But I held myself back.
I would be told the same lie again, because I was the same man that disappeared for 8 months and was magically healed. Yet I was still the same as the pleading fans and paparazzi and the same secret would be still hidden from me. The same weeping woman would answer the door and tell me the same thing-
Britney was dead.

I knew that this wasn't true, and I knew that I thought this not due to mourner's denial, but because Britney was definitely not the type to commit suicide. Sure, she loved me, but she would never risk her own life and leave her family behind just like that.

It took me all of my willpower to open up my car door and step onto the hot July pavement and to push myself past the flock of camera men, yelling loud questions and trying to get the my insight.
It had been two and a half weeks since I decided to demand the truth on Britney, and two and a half weeks later I still didn't have the answer.

A gust of wind blew into my face like a formidable giant's hot breath. I pounded on the door, perhaps with more force than what my heart was beating with in my chest. I knocked with a face that had more courage than I had on the inside.

Lynne Spears, Britney's mother, answered the door. Her red eyes darted from me towards the paparazzi outside. "Hurry in, sweetie." She tugged on the collar of my shirt.
I inhaled the smell of a burning candle, which soothed me slightly.
"Do you want anything to drink? Water? Lemonade?" Lynne tried to cover up her grieve.
"No, no thanks, Lynne." I shook my head and took off my sunglasses that were a failed attempt at being a disguise.
She brought in a sterling silver tray with cookies on it and set it upon the coffee table. I stared around the room. As welcome as this house had used to make me, I no longer felt the warmth and happiness from the chocolate brown and Tiffany blue walls that used to invite me to stay awhile. Now an eery vibe seemed to fixate itself upon me and the rest of its inhabitants.
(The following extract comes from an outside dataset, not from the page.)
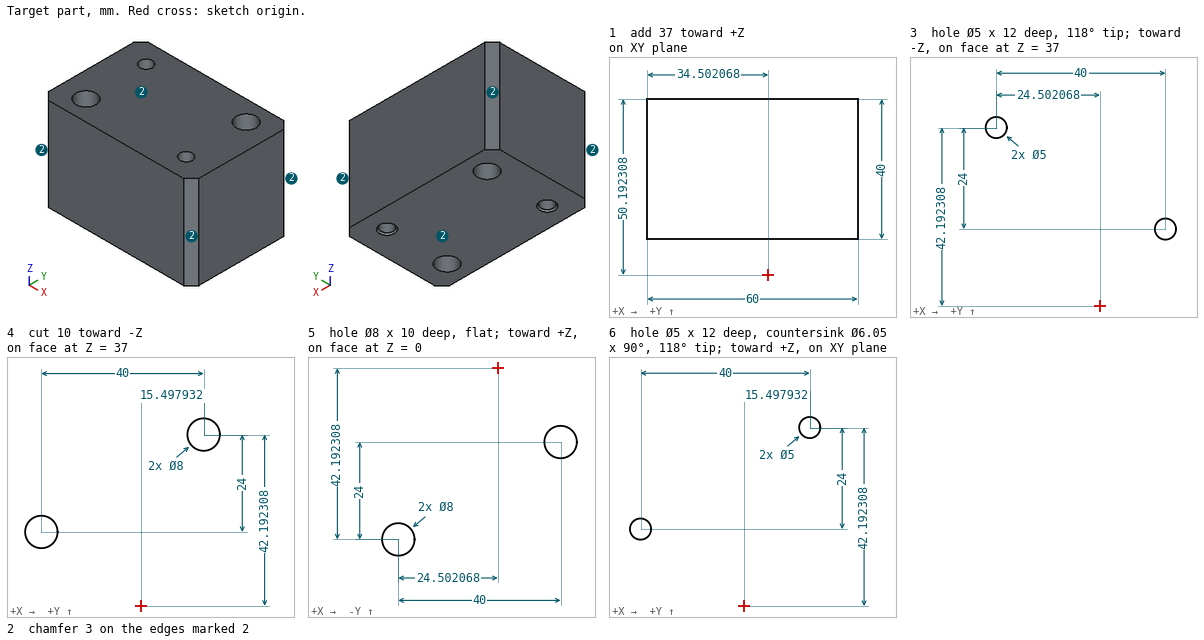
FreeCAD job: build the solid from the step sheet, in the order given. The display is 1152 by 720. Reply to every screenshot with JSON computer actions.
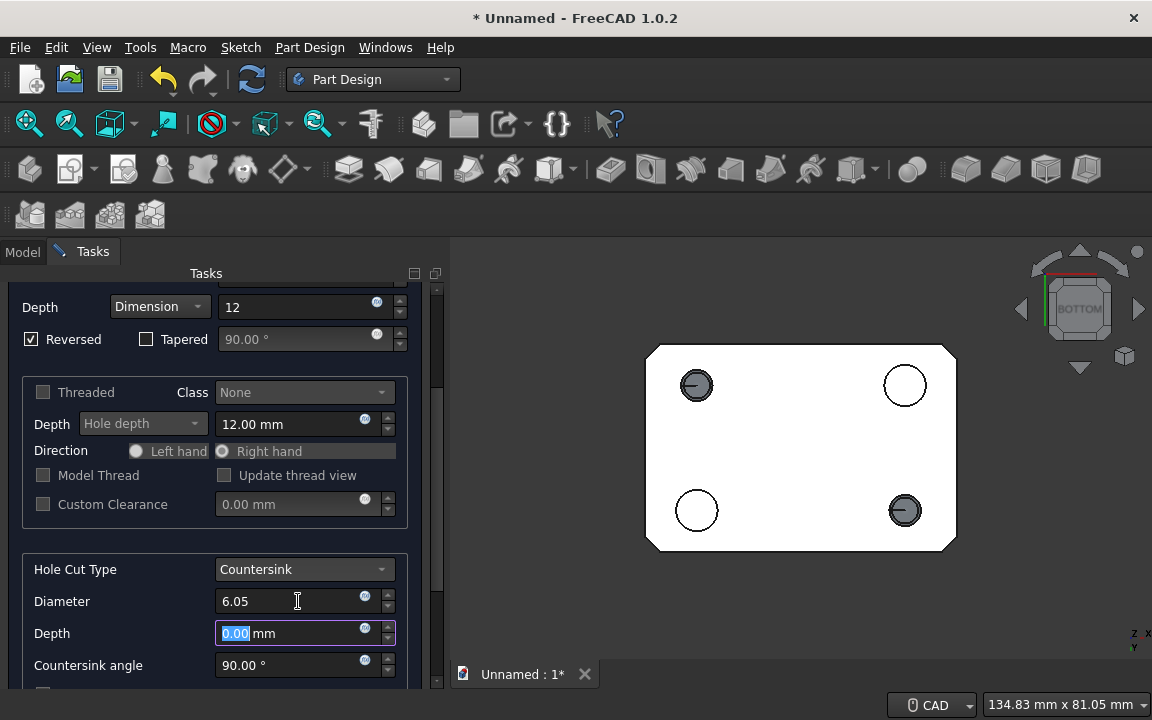
{"action": "scroll", "coordinate": [437, 486], "scroll_direction": "up", "scroll_amount": 4}

Maybe this feeling was just because Britney was gone. Or not gone, but missing.

"What brings you back to my humble home?" Lynne barely mustered a smile.
If this was considered any more humble than when I had left, I must be missing a heck of a lot of it.

"Actually, I wanted to speak to you about-" I swallowed down the knot in my throat. "-Britney." I let out a deep breath, yet my heart kept beating as strong as before.
"Honey, I'm sorry, but she's not coming back." She was obviously holding back tears, which led me to believe that she was in deep sadness and confusion over it all. But I knew that this was not because "Britney committed suicide." No.
It had been almost a year since she was missing. By now, Lynne would be still sad, but she probably would've been able to bring herself to move on and focus on other things.
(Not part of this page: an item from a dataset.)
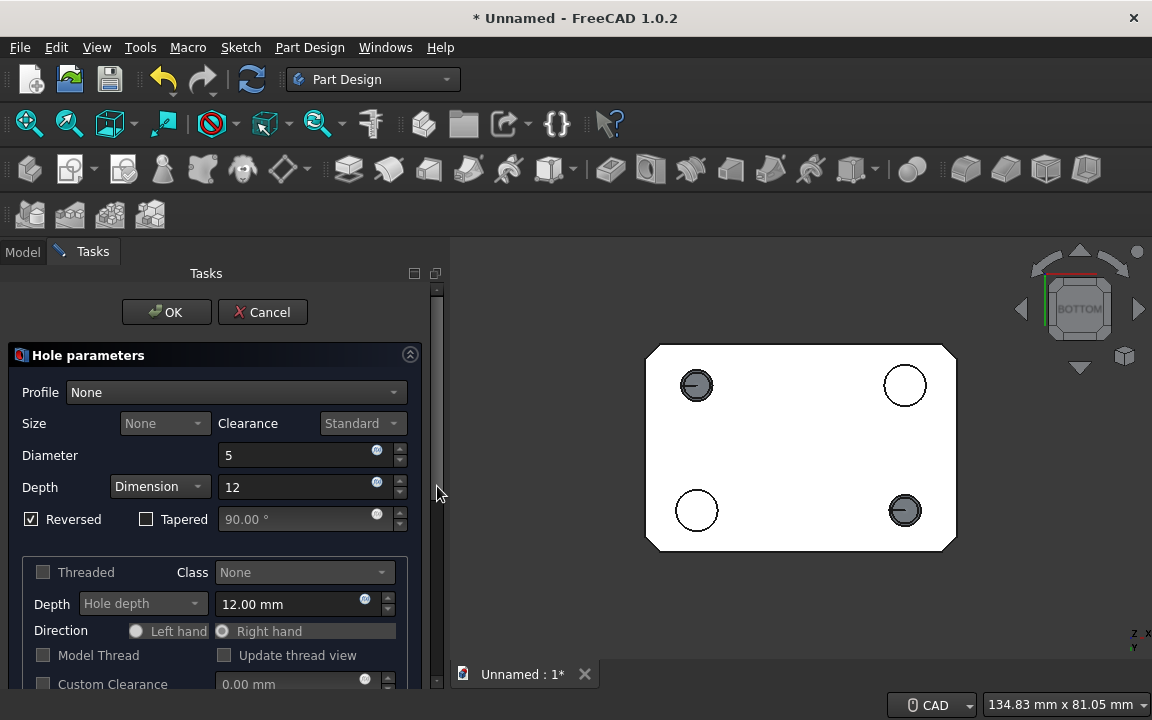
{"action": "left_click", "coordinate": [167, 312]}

Why was she still sad, then?

Because of the truth. The truth wasn't that Britney was even dead at all, or at least that we know of. It's that there's a possibility that she's still alive but she refuses to come home.

Britney was in hiding.

Why would she do it? I had no idea. I was just as confused as the public was with why she "killed herself."

Hiding was a very Britney thing to do. She would take drives all the time and leave without a trace. Her mother would get worried about her, and then the next day she would be back before the police were called. We never knew why she did it though, we reasoned that the media and the press would push her to her breaking point because it wasn't uncommon for her to have a panic attack from it all.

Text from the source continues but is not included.